The Prinzregententorte Bavarian Layered Chocolate Cake is a very traditional cake with quite some history. The cake consists of eight thin layers made out of a biscuit and chocolate butter creme all surrounded by a glaze of chocolate. The origin is Munich, the capital of Bavaria.
Why the name Prinzregententorte? It comes from two words: Prinz = prince and Regent = archon or regent. The cake was made to honor Prinzregent Luitpold (successor of king Ludwig II) who was in charge of the kingdom Bavaria in 1886. Local confectioner Heinrich Georg Erbshäuser had his own confectionary since 1875 and when Luitpold celebrated his 65th birthday, a special cake was ordered.

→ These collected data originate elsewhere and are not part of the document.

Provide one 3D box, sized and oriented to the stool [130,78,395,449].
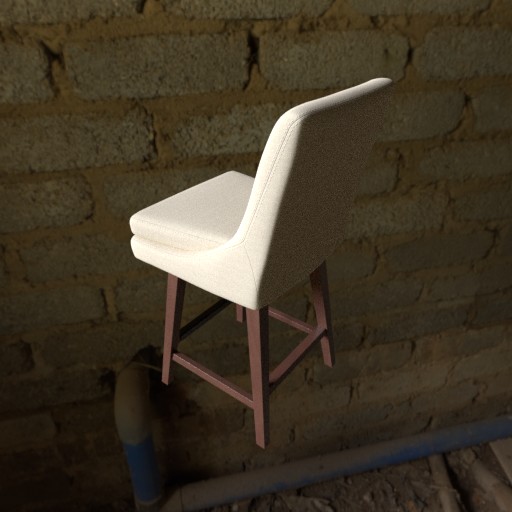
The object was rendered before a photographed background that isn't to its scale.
[{"bbox_3d":[0.000,0.000,1.306,0.559,0.991,0.483,21,37,31],"label":"stool"}]
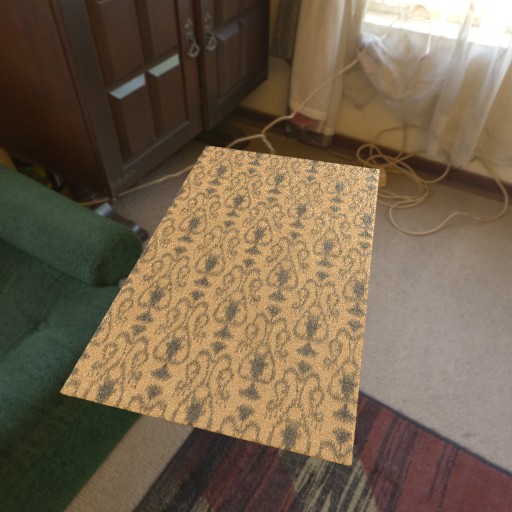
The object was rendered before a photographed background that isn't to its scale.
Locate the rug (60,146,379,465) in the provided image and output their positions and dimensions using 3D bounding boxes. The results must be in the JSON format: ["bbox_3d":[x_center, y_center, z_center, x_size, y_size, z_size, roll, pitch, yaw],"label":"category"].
[{"bbox_3d":[0.000,0.000,2.048,1.035,0.006,1.652,10,47,10],"label":"rug"}]
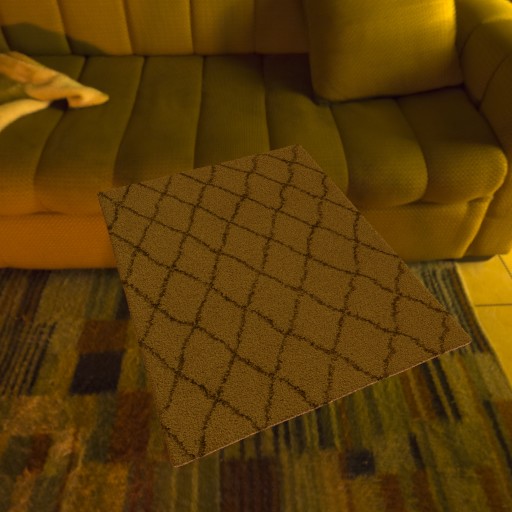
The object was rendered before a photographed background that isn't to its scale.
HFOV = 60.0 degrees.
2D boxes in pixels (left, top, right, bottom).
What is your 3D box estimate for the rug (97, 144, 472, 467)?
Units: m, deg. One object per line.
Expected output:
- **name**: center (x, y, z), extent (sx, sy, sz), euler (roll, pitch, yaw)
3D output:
- **rug**: center (0.000, 0.000, 4.132), extent (2.438, 0.029, 3.047), euler (-17, 49, -15)
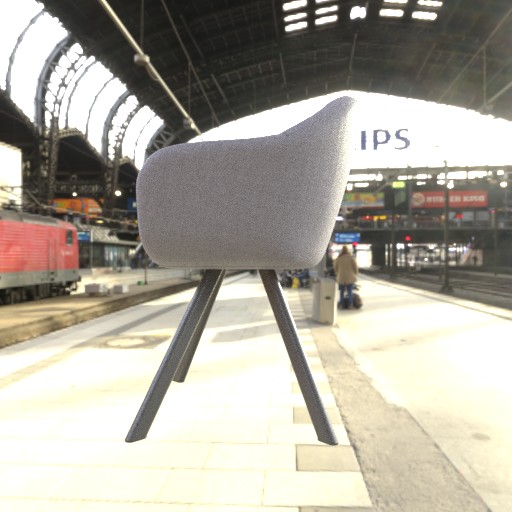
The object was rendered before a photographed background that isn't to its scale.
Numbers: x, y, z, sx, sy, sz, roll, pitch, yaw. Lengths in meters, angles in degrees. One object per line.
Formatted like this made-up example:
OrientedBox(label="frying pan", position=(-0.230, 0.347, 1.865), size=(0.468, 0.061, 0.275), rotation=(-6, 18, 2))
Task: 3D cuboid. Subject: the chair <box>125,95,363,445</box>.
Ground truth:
OrientedBox(label="chair", position=(0.000, 0.000, 1.181), size=(0.550, 0.795, 0.590), rotation=(0, 0, 2))
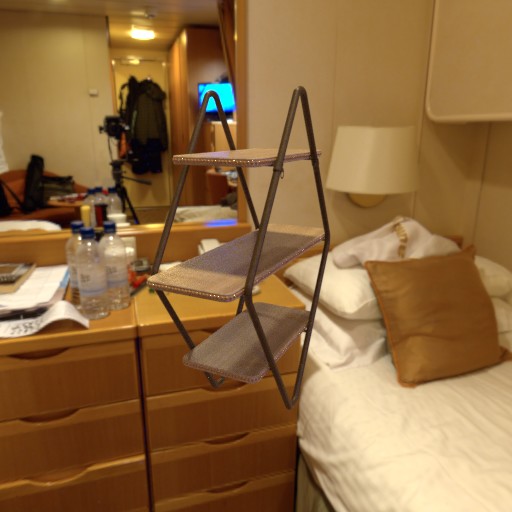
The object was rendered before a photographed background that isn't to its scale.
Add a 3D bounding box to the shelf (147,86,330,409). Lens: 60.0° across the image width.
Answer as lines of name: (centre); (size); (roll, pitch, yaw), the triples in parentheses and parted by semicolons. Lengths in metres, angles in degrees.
shelf: (0.000, 0.000, 1.090); (0.234, 0.774, 0.609); (8, 18, 25)

This cake consisted of 8 layers which symbolized the eight Bavarian districts that were under his reign. Confectioner Erbshäuser became the purveyor to the court in 1890. Two years after Erbshäuser’s death a baker named Anton Seidl re-created the cake and since then this cake is a symbol of Bavaria.
To bake the cake might sound complicated. It’s not that bad as you can bake 2 biscuit layers at the same time in the oven. Happy Baking!
Ingredients Prinzregententorte – Bavarian Layered Chocolate Cake
500 ml milk
54 g cornstarch, organic (in Germany we use Gustin or Mondamin) or 1 package Chocolate pudding powder
1-2 tbsp cocoa, unsweetened
250 g butter, room temperature
250 g semi sweet baking chocolate
1 tbsp sunflower oil or expeller pressed coconut oil (taste neutral)
200 g sugar
1 package vanilla sugar, 0.3oz – How to make Vanilla Sugar –
or 1tsp vanilla extract
1 dash salt
150 g flour
Baking Instructions Prinzregententorte – Bavarian Layered Chocolate Cake
– Mix pudding powder with cocoa, 75 g sugar and 100ml milk.
– Bring 400 ml milk to a boil. Remove from stove.
– Mix in the powder and let cook for 1 min while stirring continuously.
– Pour pudding in a bowl and cover with plastic foil right away (prevents skin building).
Make Biscuit Cake
– Separate eggs.
– Beat egg white until firm.
– Combine firm egg white carefully with 150 g sugar, vanilla sugar and salt. Mix well with a spoon.
– Mix in egg yolks.
– Sieve the flour and carefully fold in the dough.
– Grease a 26cm springform with butter.
– Place 5-6 Tbsp of dough evenly on the bottom of the form. Make sure the edges are not thinner than in the middle.
– Bake on lowest grid in pre-heated oven for 5-6 min on 225C or 425 F (convection 200 C or 390 F). If you see the edges are getting brown remove it fast from oven.
– Remove it right away from the form with a long thin knife. If you wait too long the biscuit will get hard and breaks when removing it.
– Do this now 5 times as you need 6 thin biscuit layers (This recipe is using 6 layers), and the last layer must be a biscuit!
Make the Cake
– Beat butter creamy, add spoon by spoon the pudding. Important: Butter and pudding must have room temperature!
– Spread a thin layer of cream on the first layer, place the other layer on top, spread the cream evenly on it and so on. At last spread the cream all around the cake; best is to use a wide knife.
– Place cake in the fridge for at least 3 hours or over night.
– Melt chopped chocolate and oil in a double boiler until it is melted. Pour over the cake and spread evenly all around the edges.
100ml heavy cream, 30 g butter and 250 g chopped chocolate
Bring cream and butter to a boil. Place chocolate in a bowl.
Pour over the chocolate and let sit for some minutes until chocolate has melted.
Mix well, then pour over the cake.
It’s easy when the cake sits on a lazy susan, so you can turn it to spread the glaze evenly.